The Bishop’s Waltham Society was started in 1986 as a response to the scale and pace of change at that time. In the 1940s and 1950s Bishop's Waltham had a sad air of decay and dereliction (it was the subject of an article entitled 'The Town that is Dying' in 'The Illustrated' in April 1953). In the following two decades many old properties were demolished in the town centre to make way for new development and car parking. New estates were built around the edges of the town. Gradually Bishop's Waltham began to thrive. By the mid-1980s it was a very popular place, and property prices and development pressures were increasing substantially.

The pressures at the time included some major development proposals which threatened the historic and semi-rural character of the town, and it was in response to these threats that a small group of people — including Trevor Harvey, Judith Fairhurst, Alan Inder, John Hayter and Alan Bretherton – held a public meeting at which the decision to form the society was taken.
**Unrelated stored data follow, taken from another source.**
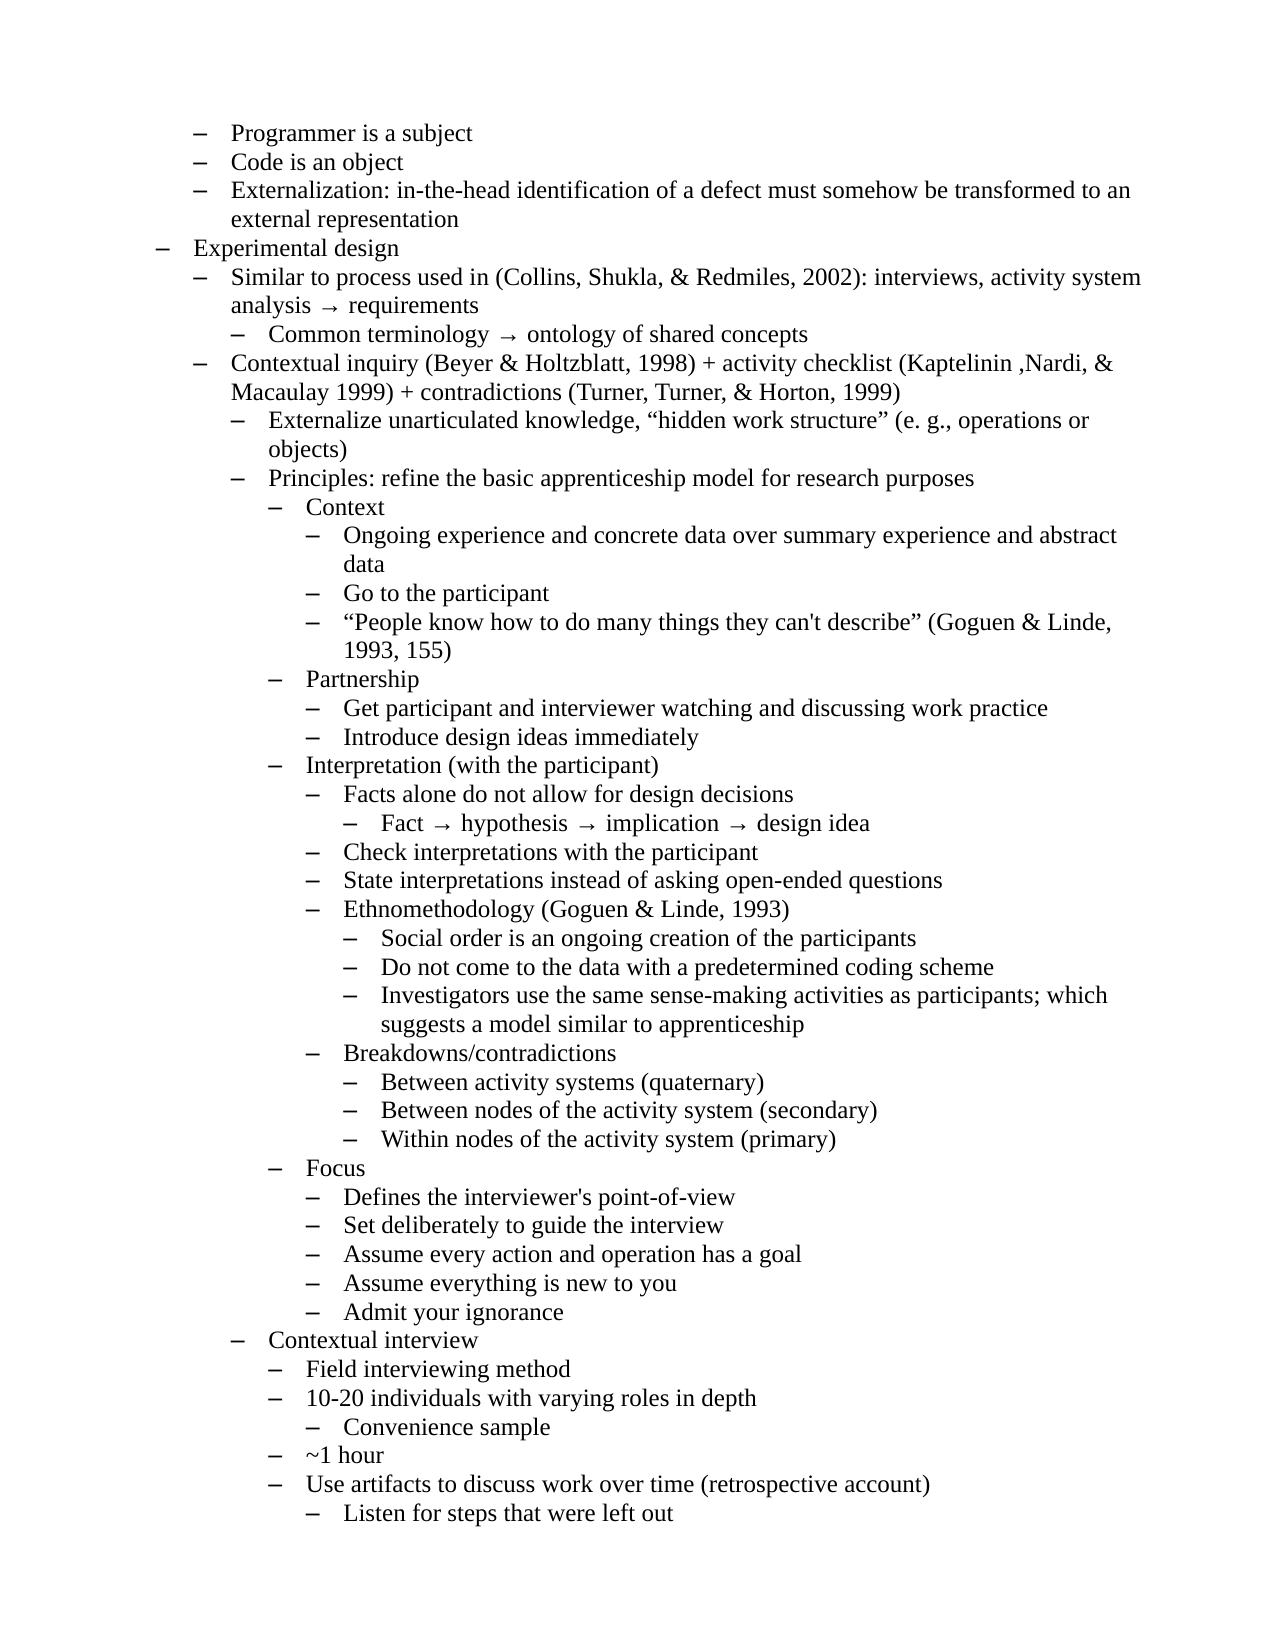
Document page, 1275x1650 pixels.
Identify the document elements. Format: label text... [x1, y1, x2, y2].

list Admit your ignorance [306, 1297, 1157, 1326]
list Within nodes of the activity system (primary) [343, 1124, 1157, 1153]
list State interpretations instead of asking open-ended questions [306, 866, 1157, 894]
list Go to the participant [306, 578, 1157, 607]
list Interpretation (with the participant) [268, 751, 1157, 779]
list Common terminology → ontology of shared concepts [231, 319, 1157, 348]
list Assume everything is new to you [306, 1268, 1157, 1297]
list Between nodes of the activity system (secondary) [343, 1096, 1157, 1124]
list Experimental design [156, 233, 1157, 262]
list Convenience sample [306, 1412, 1157, 1441]
list Introduce design ideas immediately [306, 722, 1157, 751]
list Partnership [268, 664, 1157, 693]
list Fact → hypothesis → implication → design idea [343, 808, 1157, 837]
list Set deliberately to guide the interview [306, 1211, 1157, 1239]
list Listen for steps that were left out [306, 1498, 1157, 1527]
list Externalize unarticulated knowledge, “hidden work structure” (e. g., operations or objects) [231, 406, 1157, 463]
list Similar to process used in (Collins, Shukla, & Redmiles, 2002): interviews, activity system analysis → requirements [193, 262, 1157, 319]
list Principles: refine the basic apprenticeship model for research purposes [231, 463, 1157, 492]
list Assume every action and operation has a goal [306, 1239, 1157, 1268]
list Ethnomethodology (Goguen & Linde, 1993) [306, 894, 1157, 923]
list Check interpretations with the participant [306, 837, 1157, 866]
list Code is an object [193, 147, 1157, 176]
list Externalization: in-the-head identification of a defect must somehow be transformed to an external representation [193, 176, 1157, 233]
list Defines the interviewer's point-of-view [306, 1182, 1157, 1211]
list Contextual interview [231, 1326, 1157, 1354]
list Use artifacts to discuss work over time (retrospective account) [268, 1469, 1157, 1498]
list ~1 hour [268, 1441, 1157, 1469]
list Focus [268, 1153, 1157, 1182]
list Get participant and interviewer watching and discussing work practice [306, 693, 1157, 722]
list “People know how to do many things they can't describe” (Goguen & Linde, 1993, 155) [306, 607, 1157, 664]
list Social order is an ongoing creation of the participants [343, 923, 1157, 952]
list Contextual inquiry (Beyer & Holtzblatt, 1998) + activity checklist (Kaptelinin ,Nardi, & Macaulay 1999) + contradictions (Turner, Turner, & Horton, 1999) [193, 348, 1157, 406]
list Context [268, 492, 1157, 521]
list Programmer is a subject [193, 118, 1157, 147]
list Field interviewing method [268, 1354, 1157, 1383]
list Ongoing experience and concrete data over summary experience and abstract data [306, 521, 1157, 578]
list 10-20 individuals with varying roles in depth [268, 1383, 1157, 1412]
list Between activity systems (quaternary) [343, 1067, 1157, 1096]
list Do not come to the data with a predetermined coding scheme [343, 952, 1157, 981]
list Facts alone do not allow for design decisions [306, 779, 1157, 808]
list Breakdowns/contradictions [306, 1038, 1157, 1067]
list Investigators use the same sense-making activities as participants; which suggests a model similar to apprenticeship [343, 981, 1157, 1038]
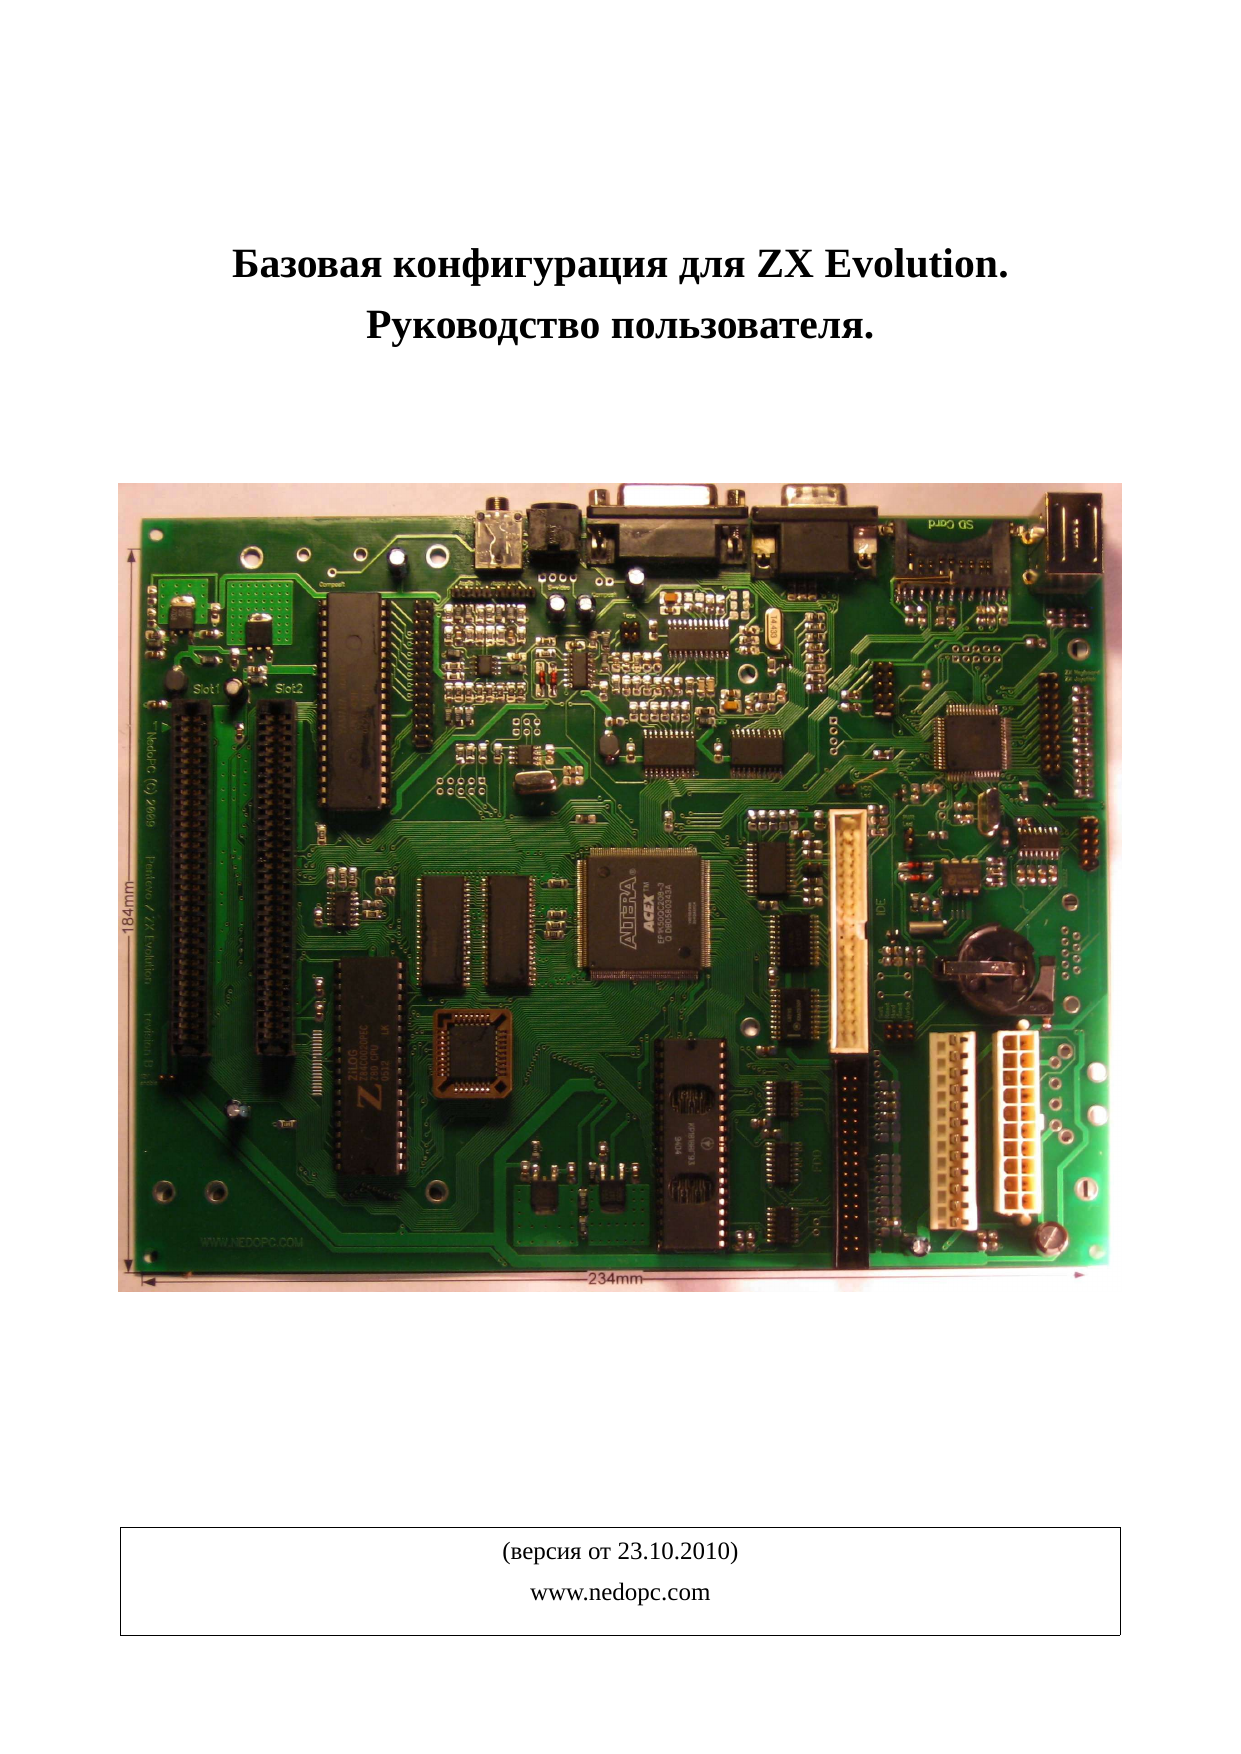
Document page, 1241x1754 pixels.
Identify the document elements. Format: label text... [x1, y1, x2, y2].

text www.nedopc.com [129, 1577, 1111, 1606]
text (версия от 23.10.2010) [129, 1536, 1111, 1565]
text Руководство пользователя. [118, 299, 1122, 347]
picture [118, 483, 1122, 1292]
text Базовая конфигурация для ZX Evolution. [118, 239, 1122, 287]

SouthbrookHouse.jpgAmongst their early successes was to save Southbrook House from demolition to make way for a new Co-operative supermarket. Although outwardly a Victorian house its walls concealed a much older building. The Society fought for the building's retention and restoration as part of a development scheme which permitted some new houses and small shops within its grounds.

They also planted the trees and shrubs along the B3035 road to Corhampton, worked with Hampshire County Council to turn the disused railway line into a public footpath (now the Pilgrim’s Trail), surveyed the entire Parish by dividing it into 40 separate sectors and recording the character and individual environmental features of each area. In the interest of local wildlife, they started a Barn Owl Box Scheme to try to maintain the local population of barn owls.

Over time, the Society hasd donated several thousand pounds to projects, such as the purchase of the Moors, Claylands and Dundridge local nature reserves. Substantial donations were also made to the purchase and erection of the town clock in St George’s Square.

Today, the Society has several hundred members in a town that has grown to nearly 7,000 people.

And we are keen to re-kindle that energy and enthusiasm that hall-marked the Society’s early years. As of 2017, the Society has its largest committee for some years and there are many new plans.

Please look at what we do as well as our current projects, our events and activities and decide if you’d like to join the Society. We think there are many residents of Bishop’s Waltham who share our cares and concerns and would like to put something back into the community. If you feel like that, then please join us as a member!

What We Do

The Society works to accomplish the following:

We actively work with other local organisations such as Bishop’s Waltham in Bloom, which was started by one of the Society’s chairmen, Bill Walmsley, the Bishop’s Waltham group of the Hampshire Wildlife Trust, Bishop’s Waltham Museum and others.

We actively work with Bishop’s Waltham Parish Council and Winchester City Council as well as Hampshire County Council. 

The Society was the initiator for the formation of the Bishop's Waltham Town Team and has two representatives on the Team - the Society's chairman has been chairman of the Town team for the last five years.